* [What you are asked to do]:
Scan the entries below for the word "shiny". Copy each line that has it.

* [Source material]:
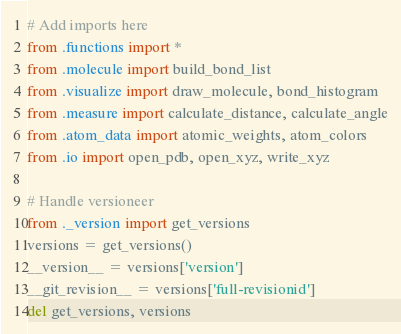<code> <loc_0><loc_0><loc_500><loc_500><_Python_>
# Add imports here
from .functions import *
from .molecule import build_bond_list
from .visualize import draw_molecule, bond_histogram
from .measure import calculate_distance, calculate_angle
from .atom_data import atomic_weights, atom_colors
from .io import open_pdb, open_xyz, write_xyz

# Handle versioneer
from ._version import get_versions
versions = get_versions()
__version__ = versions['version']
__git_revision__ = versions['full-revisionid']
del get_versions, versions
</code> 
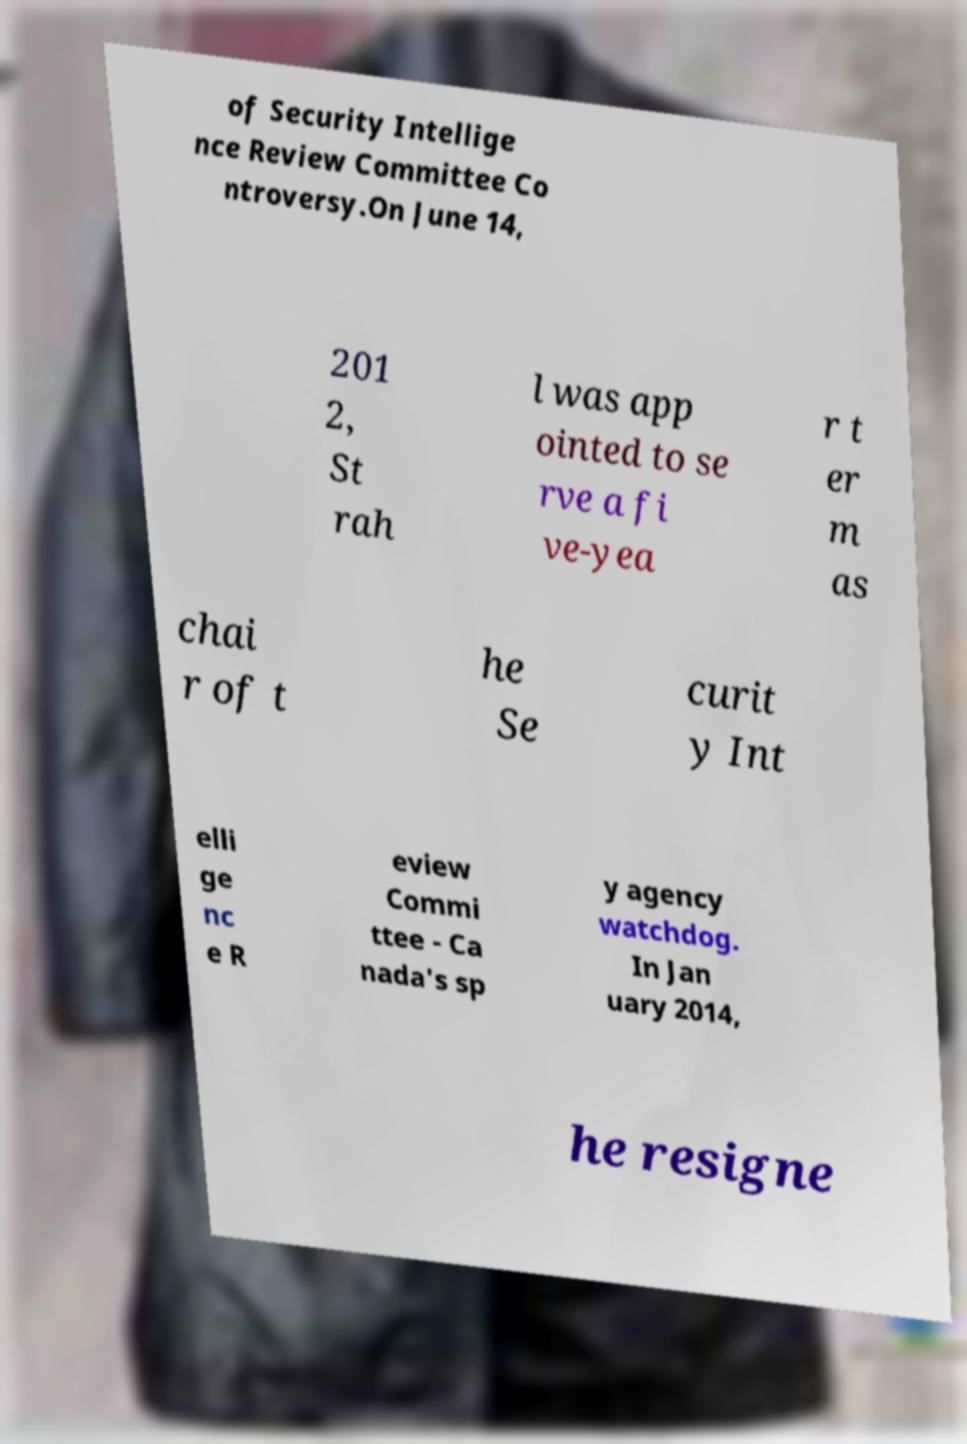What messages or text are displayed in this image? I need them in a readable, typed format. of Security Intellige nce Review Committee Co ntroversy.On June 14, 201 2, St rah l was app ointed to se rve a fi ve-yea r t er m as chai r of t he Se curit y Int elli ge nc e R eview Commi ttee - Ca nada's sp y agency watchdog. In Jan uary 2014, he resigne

...

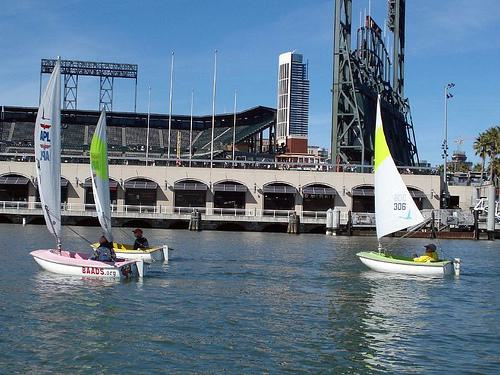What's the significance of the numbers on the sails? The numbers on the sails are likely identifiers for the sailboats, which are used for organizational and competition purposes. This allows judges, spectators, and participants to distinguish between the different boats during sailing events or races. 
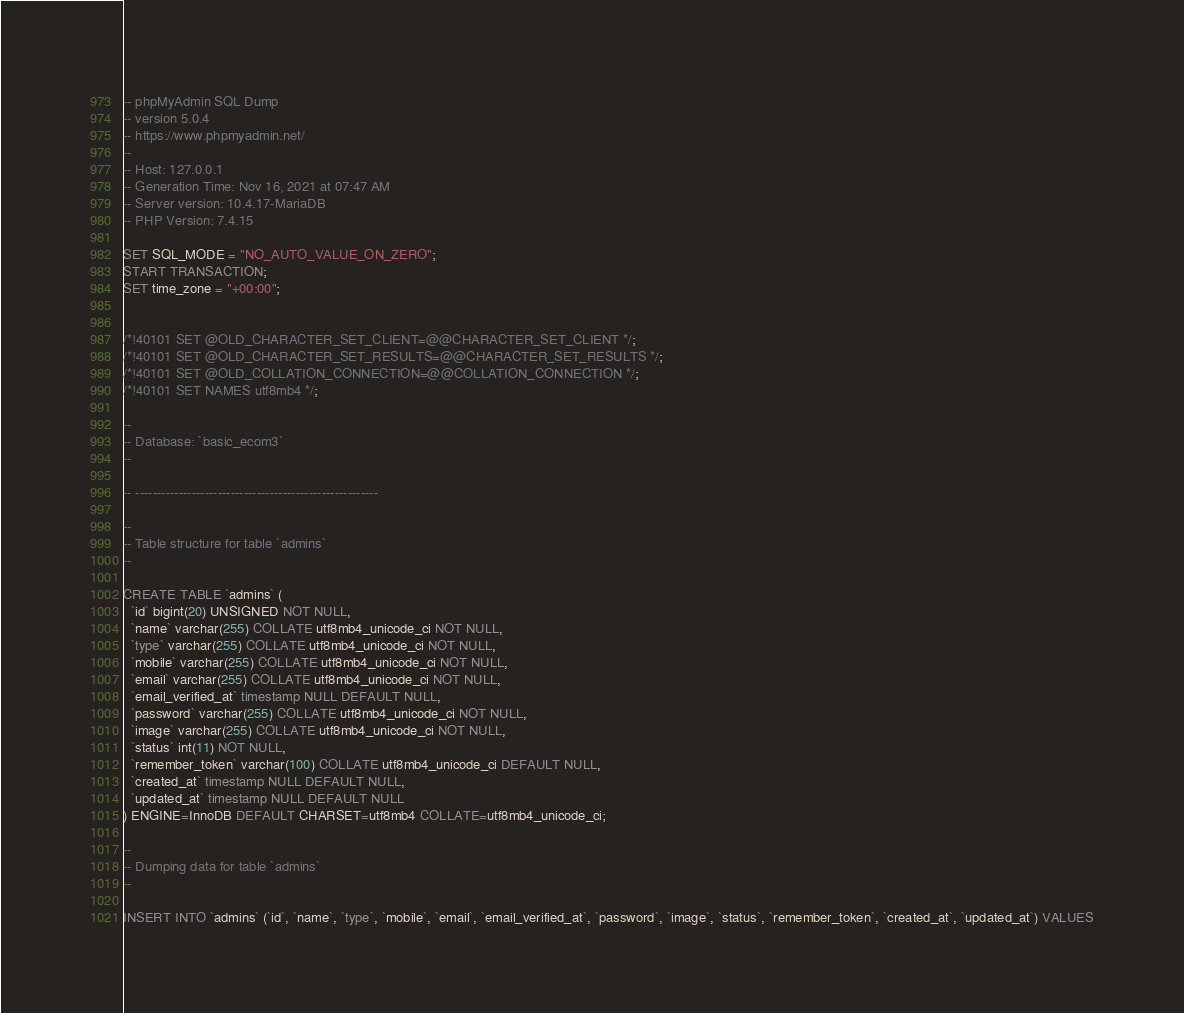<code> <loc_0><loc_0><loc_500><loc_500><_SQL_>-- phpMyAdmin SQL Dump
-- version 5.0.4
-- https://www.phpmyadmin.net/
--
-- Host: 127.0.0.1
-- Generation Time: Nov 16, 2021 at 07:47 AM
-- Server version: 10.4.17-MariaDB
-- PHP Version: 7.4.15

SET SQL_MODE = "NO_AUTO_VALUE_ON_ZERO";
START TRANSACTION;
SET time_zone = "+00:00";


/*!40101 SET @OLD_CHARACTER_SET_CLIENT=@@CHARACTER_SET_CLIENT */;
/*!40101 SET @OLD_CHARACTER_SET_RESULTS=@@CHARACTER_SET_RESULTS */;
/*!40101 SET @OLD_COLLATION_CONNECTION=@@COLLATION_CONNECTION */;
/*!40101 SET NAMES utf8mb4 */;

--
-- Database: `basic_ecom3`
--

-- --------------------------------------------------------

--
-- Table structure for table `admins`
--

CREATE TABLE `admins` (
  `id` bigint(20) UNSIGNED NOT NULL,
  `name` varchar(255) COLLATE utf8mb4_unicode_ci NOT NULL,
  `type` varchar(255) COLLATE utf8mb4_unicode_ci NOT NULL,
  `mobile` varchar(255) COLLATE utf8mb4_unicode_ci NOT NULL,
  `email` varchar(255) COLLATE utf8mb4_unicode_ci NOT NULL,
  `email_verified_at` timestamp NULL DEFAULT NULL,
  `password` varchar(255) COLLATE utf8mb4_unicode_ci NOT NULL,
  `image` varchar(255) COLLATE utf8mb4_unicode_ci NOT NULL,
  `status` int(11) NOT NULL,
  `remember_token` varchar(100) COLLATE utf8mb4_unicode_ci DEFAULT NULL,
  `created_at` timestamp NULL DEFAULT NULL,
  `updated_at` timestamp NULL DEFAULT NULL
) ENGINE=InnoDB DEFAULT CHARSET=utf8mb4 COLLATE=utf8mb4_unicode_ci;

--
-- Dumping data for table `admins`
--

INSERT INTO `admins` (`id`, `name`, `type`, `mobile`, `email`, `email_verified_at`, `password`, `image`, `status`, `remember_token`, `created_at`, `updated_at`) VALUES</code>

...

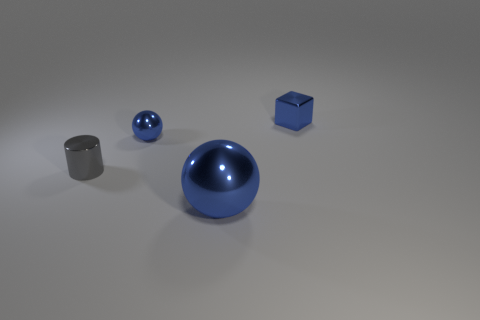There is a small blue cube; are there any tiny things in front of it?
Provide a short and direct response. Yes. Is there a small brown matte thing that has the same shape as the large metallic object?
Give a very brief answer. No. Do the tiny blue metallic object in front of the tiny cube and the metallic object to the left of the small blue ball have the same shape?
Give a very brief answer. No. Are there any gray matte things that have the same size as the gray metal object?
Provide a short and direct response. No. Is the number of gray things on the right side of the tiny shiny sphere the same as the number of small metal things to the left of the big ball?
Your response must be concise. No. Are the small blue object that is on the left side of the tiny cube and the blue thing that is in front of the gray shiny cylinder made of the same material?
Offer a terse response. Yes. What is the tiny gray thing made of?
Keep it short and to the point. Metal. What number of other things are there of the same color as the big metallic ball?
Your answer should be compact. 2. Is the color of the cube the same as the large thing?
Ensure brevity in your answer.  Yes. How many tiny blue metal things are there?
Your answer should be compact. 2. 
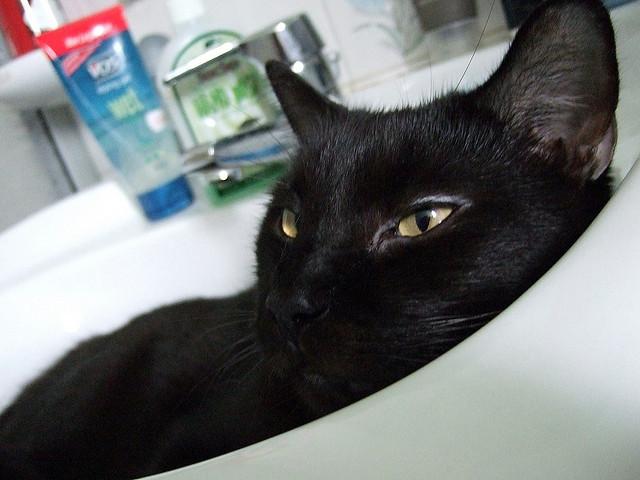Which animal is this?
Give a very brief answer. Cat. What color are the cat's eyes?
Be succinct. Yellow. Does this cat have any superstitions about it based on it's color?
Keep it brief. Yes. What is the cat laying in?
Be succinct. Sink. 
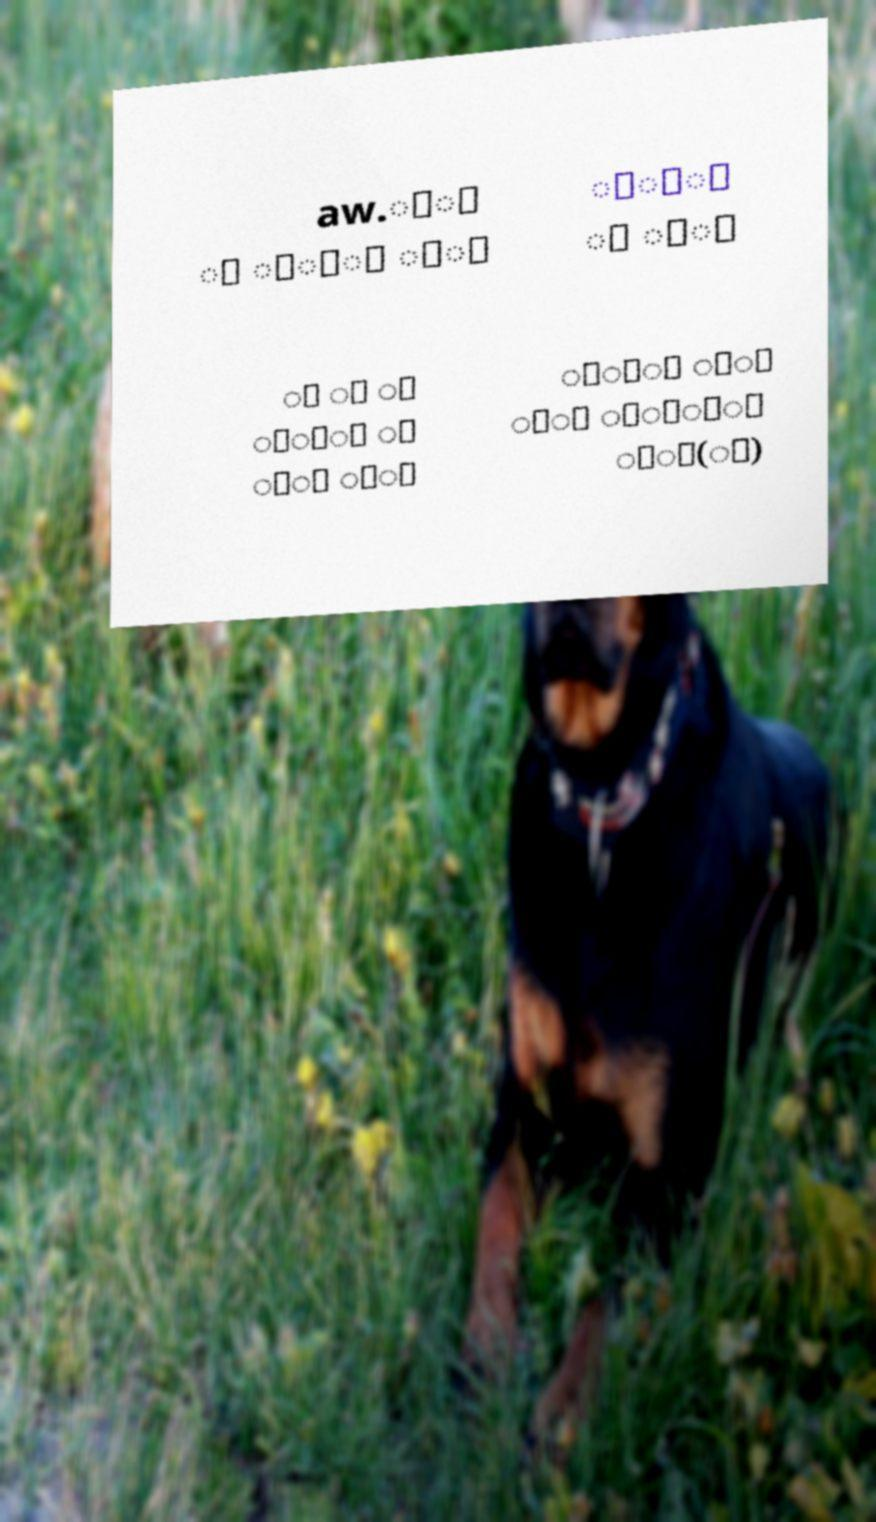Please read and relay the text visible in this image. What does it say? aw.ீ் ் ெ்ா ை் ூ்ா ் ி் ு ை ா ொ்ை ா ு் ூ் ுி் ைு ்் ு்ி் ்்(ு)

* [Result below]:
Provide a short and direct response. No. Is the number of gray things on the right side of the tiny shiny sphere the same as the number of small metal things to the left of the big ball?
Your response must be concise. No. Are the small blue object that is on the left side of the tiny cube and the blue thing that is in front of the gray shiny cylinder made of the same material?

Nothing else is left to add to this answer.